Risks of gathering with family for Thanksgiving this year are just too great.

So ultimately, my parents, siblings and I made the very hard decision not to gather with family for Thanksgiving this year. We made that decision a little over a week ago. I still have a daily struggle with sadness over not being together and question whether or not it is the right decision. Are we being too careful?

I have seen so many things posted on social media regarding missing out on gathering with family and friends for Thanksgiving. The one that gets me the most…that this could possibly be the last Thanksgiving a loved one is around for. Missing out on that because of COVID-19 and having to isolate is difficult to process. It’s hard because I know we are not guaranteed another Thanksgiving, let alone tomorrow!

Doing what I feel is best for my family and for others.

Despite this, my family members and I continue to get affirmations that we are making the right decision. Unfortunately, we are hearing of a multitude of people we have had contact with that are now COVID positive. With our kids in school and participating in activities and both myself, my husband and brother-in-law working in healthcare, there is just no way we can completely isolate. I don’t know how I would deal with knowing I passed this onto my parents or siblings, especially if there was a bad outcome as a result of the COVID-19 infection. 

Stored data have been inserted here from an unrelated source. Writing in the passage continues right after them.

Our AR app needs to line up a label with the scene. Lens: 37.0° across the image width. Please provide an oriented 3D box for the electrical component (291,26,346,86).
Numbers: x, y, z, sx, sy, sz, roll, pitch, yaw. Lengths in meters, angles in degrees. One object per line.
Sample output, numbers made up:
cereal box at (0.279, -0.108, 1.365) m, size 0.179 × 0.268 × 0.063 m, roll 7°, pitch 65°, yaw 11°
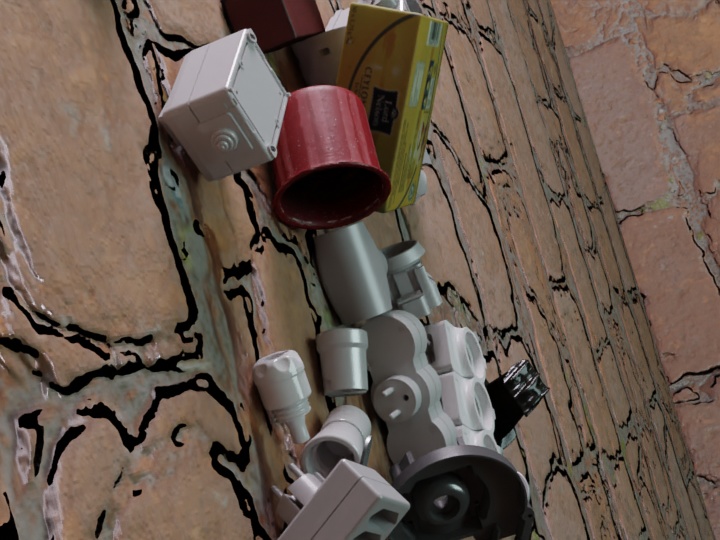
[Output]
electrical component at (-0.029, -0.190, 0.971) m, size 0.055 × 0.055 × 0.047 m, roll -44°, pitch 119°, yaw -67°

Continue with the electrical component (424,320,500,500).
electrical component at (0.085, 0.132, 0.987) m, size 0.089 × 0.062 × 0.150 m, roll 39°, pitch 39°, yaw -56°

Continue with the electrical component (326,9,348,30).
electrical component at (0.009, -0.200, 1.074) m, size 0.108 × 0.056 × 0.108 m, roll 62°, pitch 23°, yaw -26°

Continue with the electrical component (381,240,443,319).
electrical component at (0.038, 0.009, 0.969) m, size 0.078 × 0.058 × 0.057 m, roll -103°, pitch 172°, yaw -78°

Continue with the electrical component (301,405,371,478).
electrical component at (-0.014, 0.124, 0.772) m, size 0.065 × 0.044 × 0.044 m, roll -58°, pitch 128°, yaw -70°

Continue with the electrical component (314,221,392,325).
electrical component at (0.000, 0.000, 0.904) m, size 0.077 × 0.043 × 0.079 m, roll 71°, pitch 21°, yaw -2°

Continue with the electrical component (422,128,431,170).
electrical component at (0.046, -0.135, 1.136) m, size 0.081 × 0.042 × 0.063 m, roll -13°, pitch 88°, yaw -69°

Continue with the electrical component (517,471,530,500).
electrical component at (0.142, 0.222, 1.085) m, size 0.055 × 0.048 × 0.066 m, roll 31°, pitch 45°, yaw -50°

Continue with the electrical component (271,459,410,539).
electrical component at (-0.027, 0.154, 0.680) m, size 0.076 × 0.083 × 0.047 m, roll 39°, pitch 2°, yaw 32°

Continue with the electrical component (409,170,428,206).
electrical component at (0.039, -0.095, 1.084) m, size 0.062 × 0.043 × 0.043 m, roll 43°, pitch 35°, yaw -51°

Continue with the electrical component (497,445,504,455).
electrical component at (0.116, 0.199, 1.040) m, size 0.048 × 0.048 × 0.062 m, roll 46°, pitch 41°, yaw -51°

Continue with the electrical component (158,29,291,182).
electrical component at (-0.093, -0.106, 0.727) m, size 0.061 × 0.061 × 0.096 m, roll 58°, pitch 25°, yaw -35°

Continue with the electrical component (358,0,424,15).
electrical component at (0.024, -0.244, 1.007) m, size 0.079 × 0.044 × 0.077 m, roll 45°, pitch 31°, yaw -38°

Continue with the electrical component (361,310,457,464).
electrical component at (0.034, 0.105, 0.892) m, size 0.074 × 0.052 × 0.138 m, roll -17°, pitch 90°, yaw -69°

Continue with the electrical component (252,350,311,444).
electrical component at (-0.049, 0.087, 0.722) m, size 0.035 × 0.035 × 0.061 m, roll -38°, pitch 112°, yaw -68°

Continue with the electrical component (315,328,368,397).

My dad mentioned that despite him and my mom not joining in on Thanksgiving, why don’t all of us kids and our families still get together? Honestly, it is tempting. We don’t have anyone with any of the big risk factors for having a bad outcome if one of us were to get COVID. But that is where I have to stop and just say no. As a physician, I have to support my fellow healthcare workers, especially those that are directly caring for patients battling COVID-19 in the hospitals.

We are not going to get together in an effort to break the chain of this infection. All it takes is for one person in the family to unknowingly pass it to someone else in the family who then goes into the community and passes it to someone, ultimately causing another person to be critically ill in the hospital.

No, my family decided together that we are going to spend this Thanksgiving each within our own households so that we can hopefully do our parts in limiting the spread of COVID-19.

I know this is a polarizing topic for people. Quite frankly, the most important decisions we have to make in our lives are usually tough and not everyone agrees on the decisions. Big decisions, especially those that affect the trajectory of my life, require much thought and consideration.

How COVID can impact your decision to gather with family for Thanksgiving.

So lastly, I would like to implore each of you to consider making a hard decision to stay within your core household this year for Thanksgiving. The thought of a loved one dying to complications of COVID-19 are daunting. In addition, the thought of a loved one not dying but trying to recover from the effects of COVID are also daunting. I have cared for these people in rehabilitation.  This is not an easy road to travel. It’s long. It’s isolating. And there’s no guarantee that person will recover the function that he or she enjoyed prior to COVID.

So, from my house to yours, please take this Thanksgiving as a time to be grateful for the family and friends we have. We love them so much that we are willing to sacrifice being with them this year in order to have, hopefully, many more holidays to celebrate together.